Ce n’est pas tout: il reste un plat principal. Le poulet grillé à la sauce tamarin avec un mac & cheese style Bahamas. Le poulet est caramélisé, grillé, croquant, collant, et le tamarin acidulé éveille les sens. Le macaroni, lui, est très consistant et fromagé.
Et puisqu’un repas du B&B n’est pas complet sans un dessert, le dernier service est un classique de l’endroit, le « milk jam and chocolate dirt »: du lait condensé caramélisé, une poudre de chocolat croquante, et une bonne quantité de crème fouettée. Ouf!
…Et on y boit
Le Bishop & Bagg aime le gin. On y offre plusieurs importations privées… et une manière relativement rationnelle de le boire. Au B&B, on offre le kopstoot. C’est la version néerlandaise d’un shooter et une pinte.
En fait, le gin est un dérivé du genièvre. C’est cette même boisson qu’on appelle le « gros gin ». Et aux Pays-Bas et en Belgique flamande, le genièvre peut être dégusté tel quel, ou être bu en kopstoot. Un shooter de gin et une gorgée de bière! Les jolis verres en tulipe utilisés pour boire le gin ne font qu’ajouter à l’expérience.
Aussi, le Bishop & Bagg a une longue liste de bières, importées comme locales. Il s’agit d’un des seuls endroits à Montréal où on peut déguster l’Irlandaise Murphy’s, stout légère à l’azote.

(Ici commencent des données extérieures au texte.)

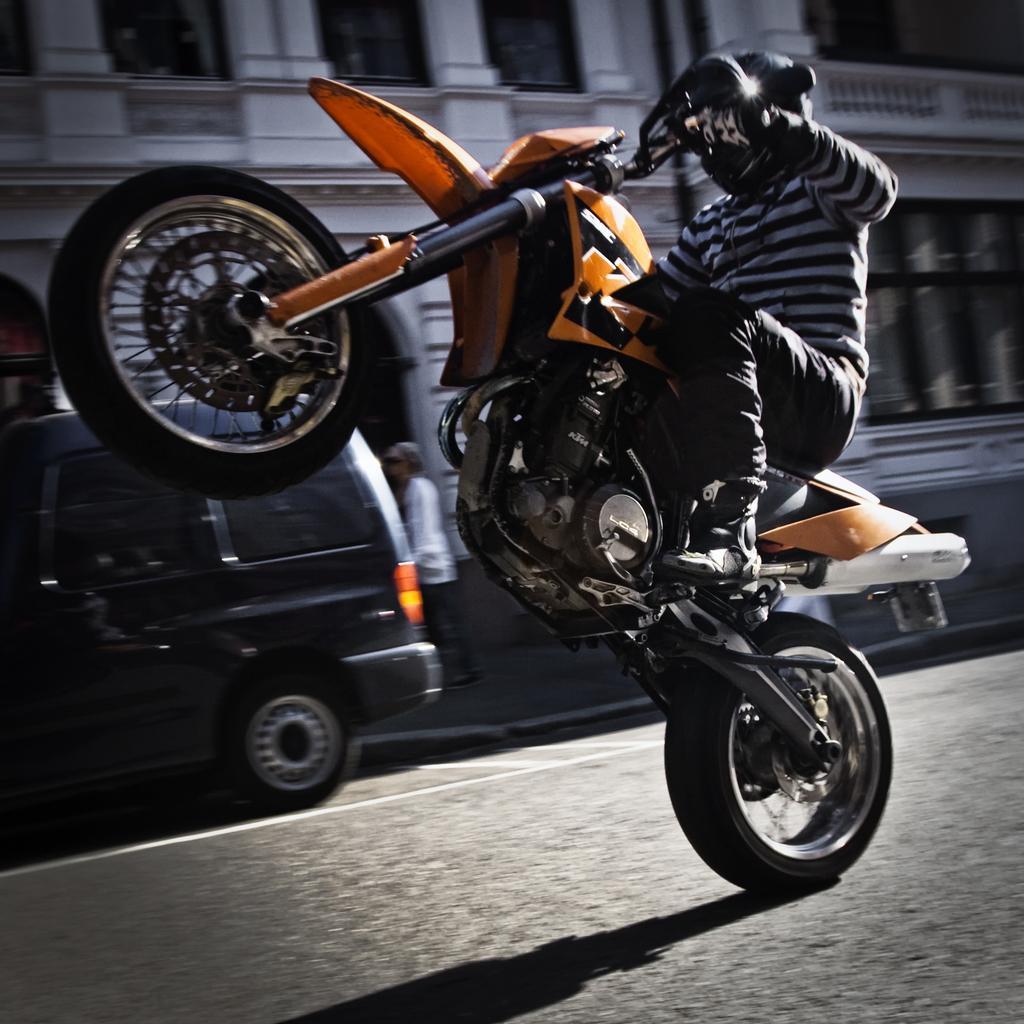Please provide a concise description of this image. This person is lifting his motorcycle and riding. We can able to see building, vehicle and a person is standing. 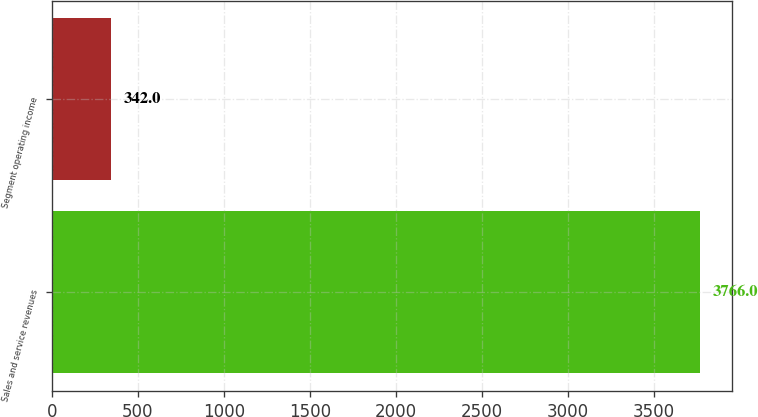Convert chart. <chart><loc_0><loc_0><loc_500><loc_500><bar_chart><fcel>Sales and service revenues<fcel>Segment operating income<nl><fcel>3766<fcel>342<nl></chart> 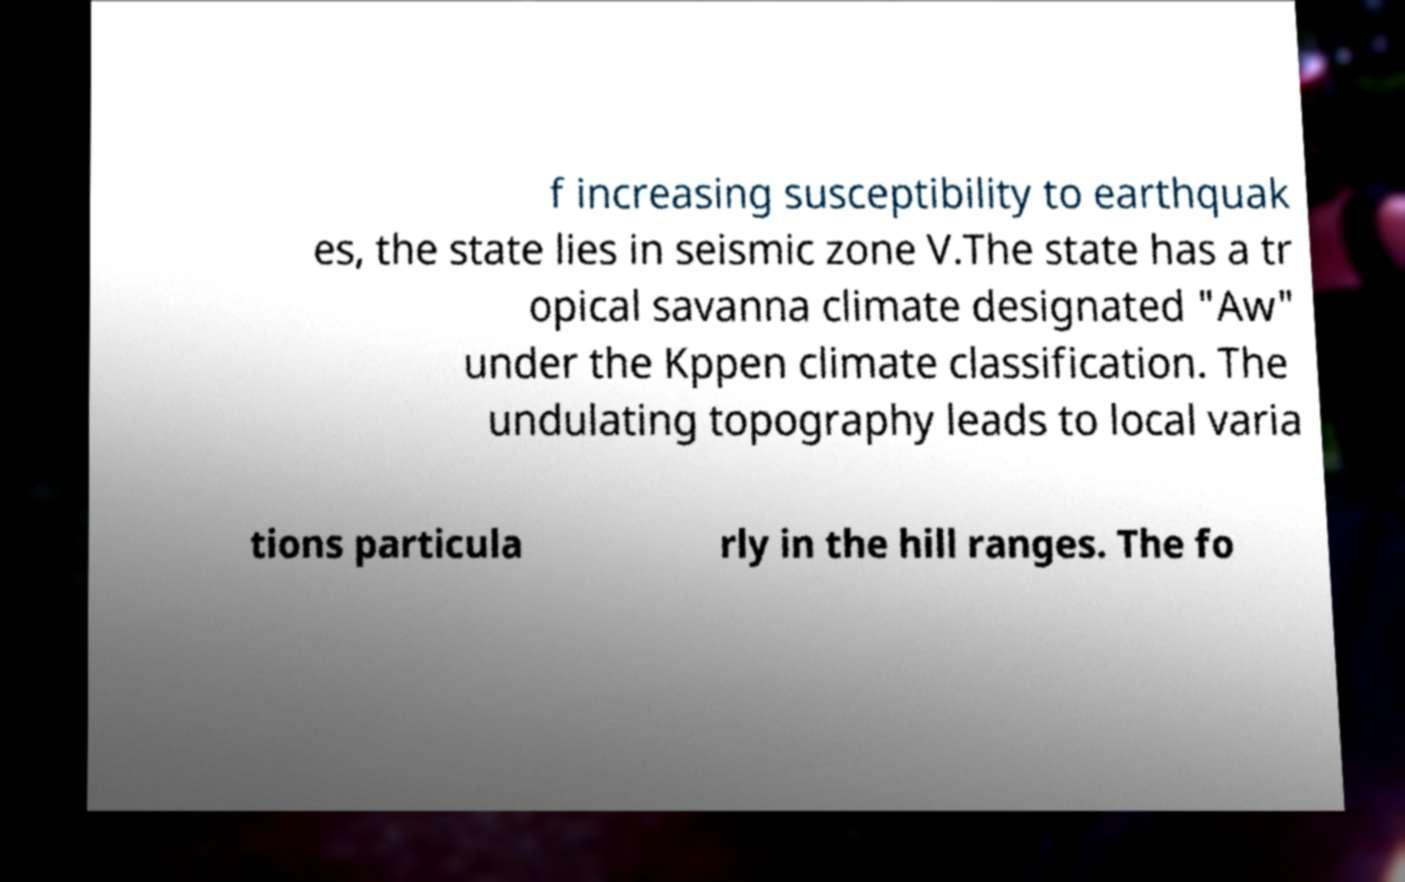Please identify and transcribe the text found in this image. f increasing susceptibility to earthquak es, the state lies in seismic zone V.The state has a tr opical savanna climate designated "Aw" under the Kppen climate classification. The undulating topography leads to local varia tions particula rly in the hill ranges. The fo 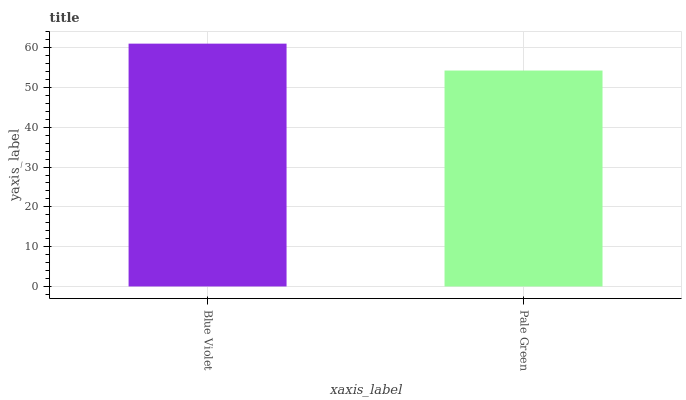Is Pale Green the minimum?
Answer yes or no. Yes. Is Blue Violet the maximum?
Answer yes or no. Yes. Is Pale Green the maximum?
Answer yes or no. No. Is Blue Violet greater than Pale Green?
Answer yes or no. Yes. Is Pale Green less than Blue Violet?
Answer yes or no. Yes. Is Pale Green greater than Blue Violet?
Answer yes or no. No. Is Blue Violet less than Pale Green?
Answer yes or no. No. Is Blue Violet the high median?
Answer yes or no. Yes. Is Pale Green the low median?
Answer yes or no. Yes. Is Pale Green the high median?
Answer yes or no. No. Is Blue Violet the low median?
Answer yes or no. No.

Le mixologue, M. Chytry, en plus de connaitre ses classiques et de savoir servir le pisco sour comme personne à Montréal, a l’oreille attentive et les anecdotes d’un vrai barman, comme on n’en voit plus aujourd’hui. Le service agressif et détaché des bars trop achalandés des environs vous sembleront encore plus désagréables après avoir fait l’expérience de ce bijou de quartier.